**Problem statement**
Give the data again exactly as written, skipping any pictures.

**Supplied entries**
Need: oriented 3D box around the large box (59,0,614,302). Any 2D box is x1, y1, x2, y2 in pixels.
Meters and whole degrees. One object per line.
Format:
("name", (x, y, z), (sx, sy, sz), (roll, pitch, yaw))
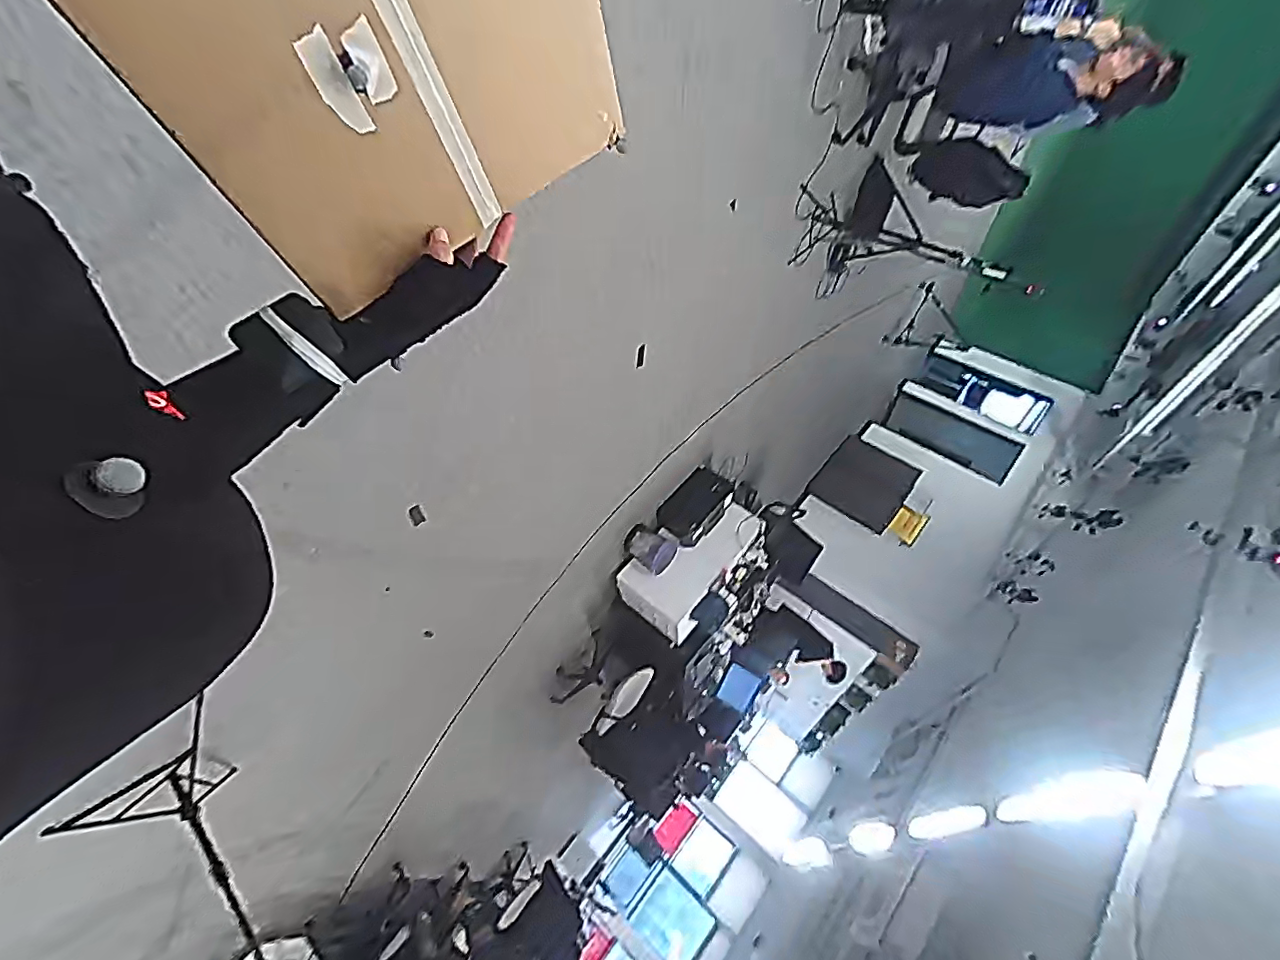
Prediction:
("large box", (-0.269, -0.427, 0.385), (0.320, 0.320, 0.408), (-39, 151, -11))

**Task result**
Need: oriented 3D box around the large box (59,0,614,302). Any 2D box is x1, y1, x2, y2 in pixels.
Meters and whole degrees. One object per line.
Format:
("name", (x, y, z), (sx, sy, sz), (roll, pitch, yaw))
Prediction:
("large box", (-0.269, -0.427, 0.385), (0.320, 0.320, 0.408), (-39, 151, -11))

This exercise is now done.